## Your assignment
When you reach the line with "Instruction: Locate the", start repeating the lines exactly and keep going to the end of the records, but drop every picture.

## Information provided

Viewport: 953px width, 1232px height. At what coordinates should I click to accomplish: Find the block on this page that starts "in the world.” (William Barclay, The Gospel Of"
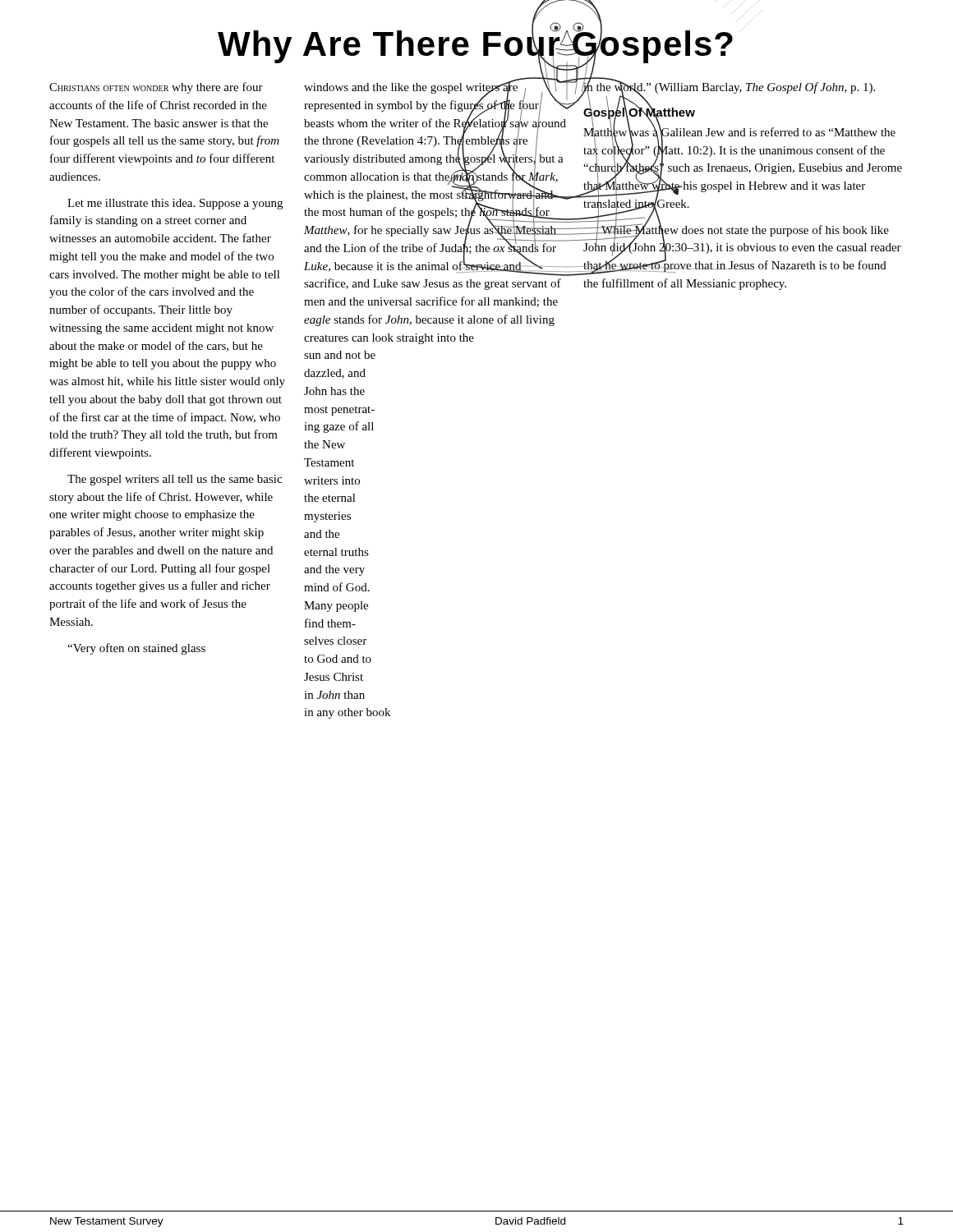click(744, 88)
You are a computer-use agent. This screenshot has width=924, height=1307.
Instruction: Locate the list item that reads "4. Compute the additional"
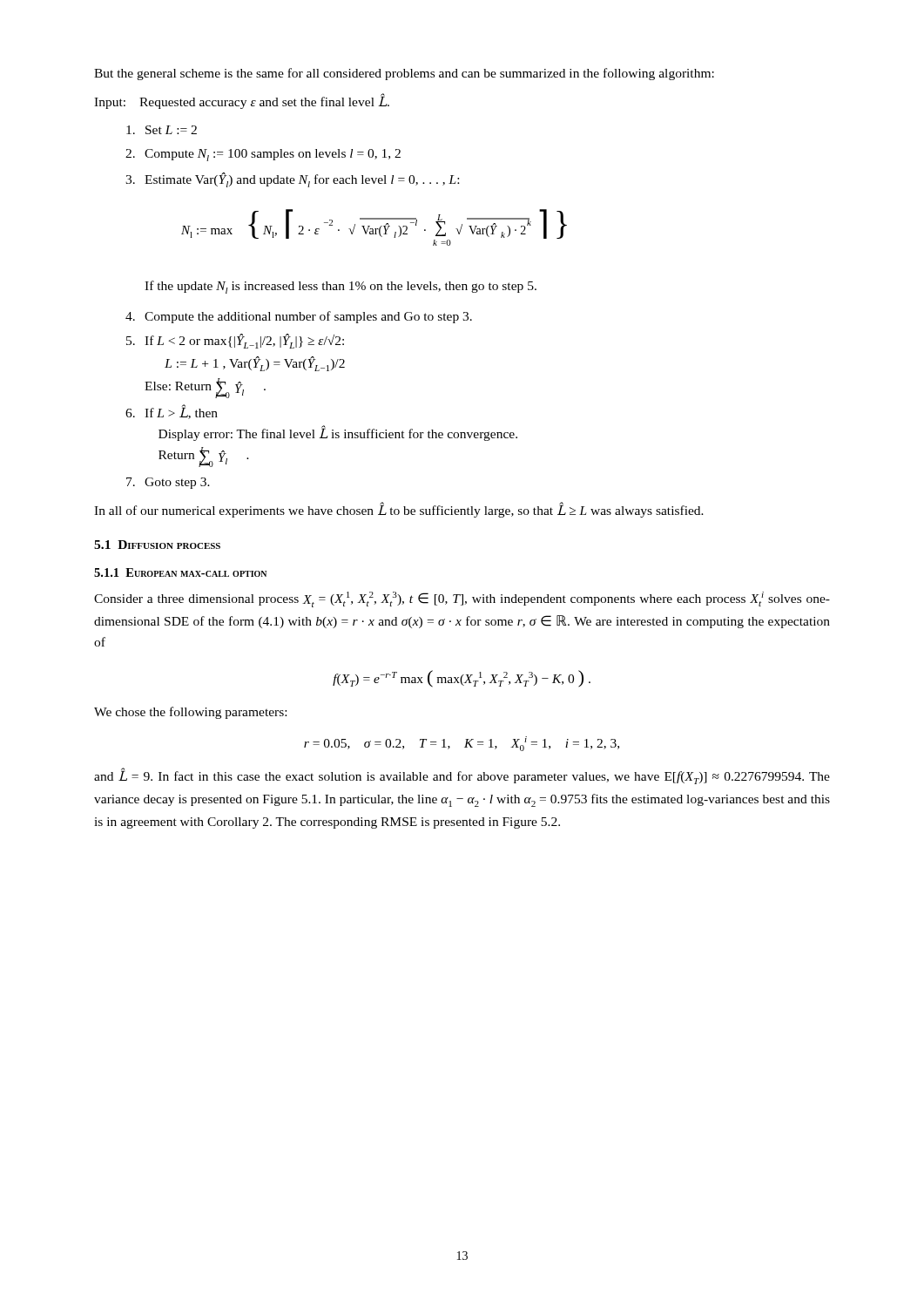299,316
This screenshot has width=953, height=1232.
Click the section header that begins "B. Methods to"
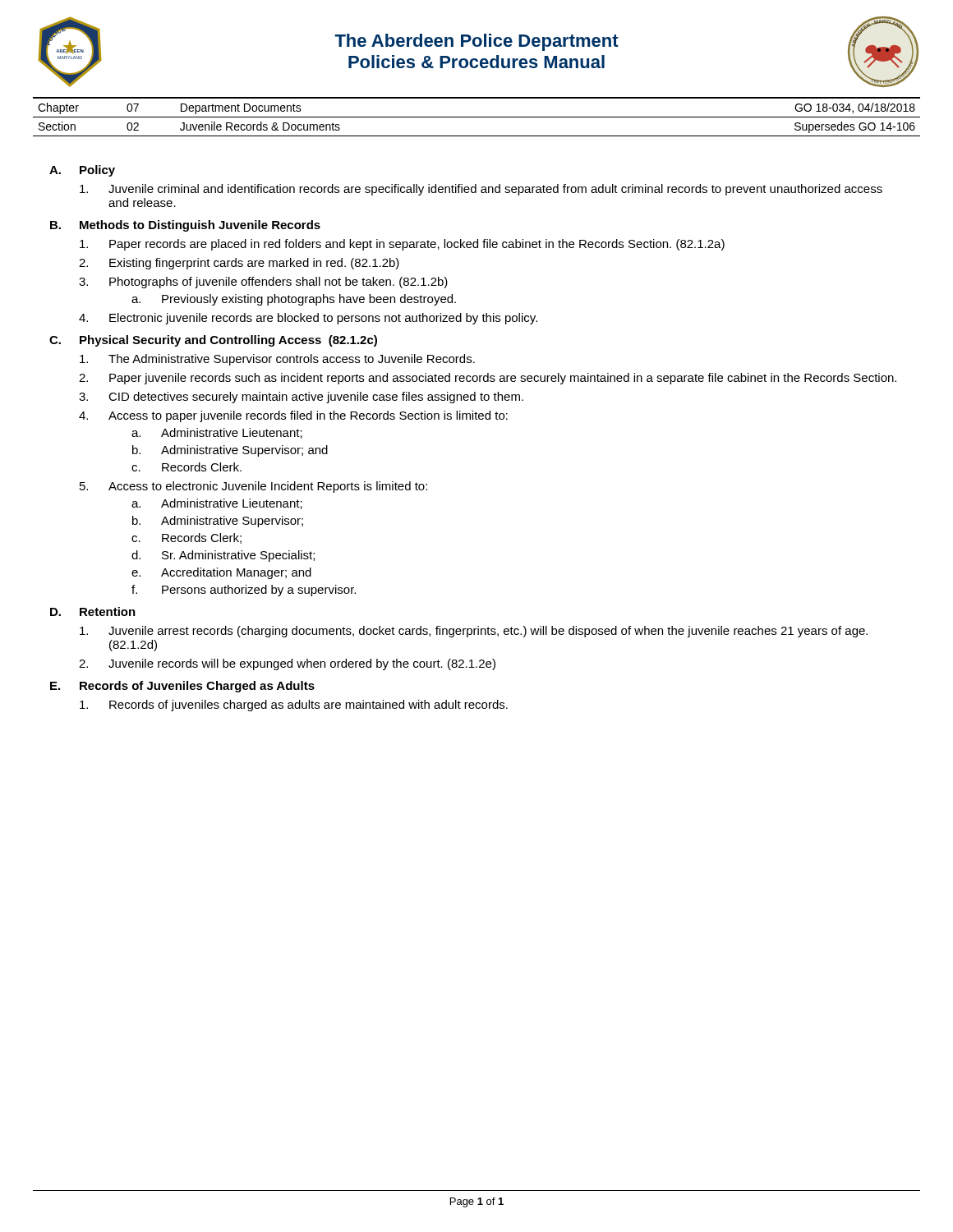pos(185,225)
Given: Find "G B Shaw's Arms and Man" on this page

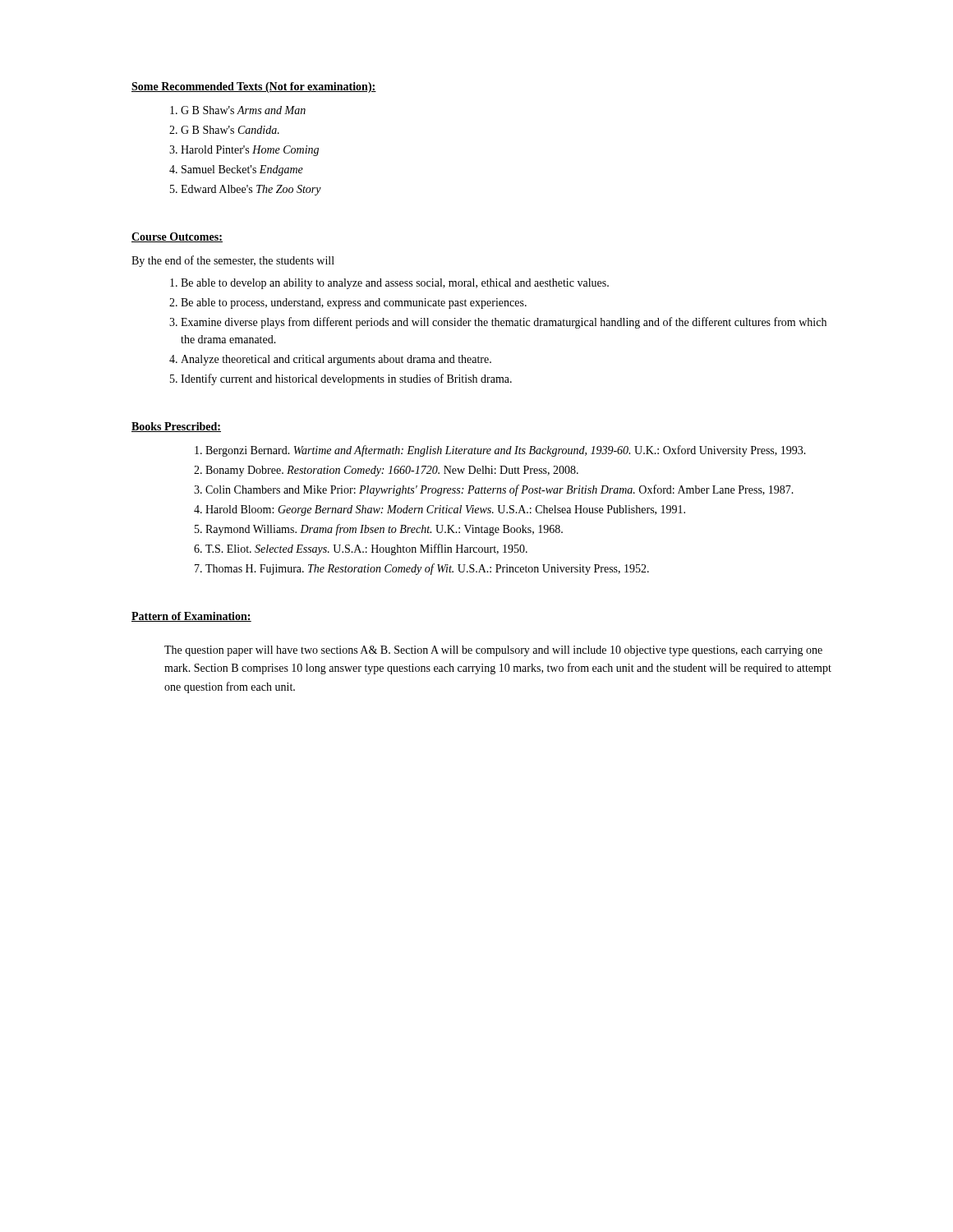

## Worked solution
Instruction: Locate the list item that reads "4. Compute the additional"
299,316
This screenshot has width=953, height=1232.
Click the section header that begins "B. Methods to"
pos(185,225)
Given: Find "G B Shaw's Arms and Man" on this page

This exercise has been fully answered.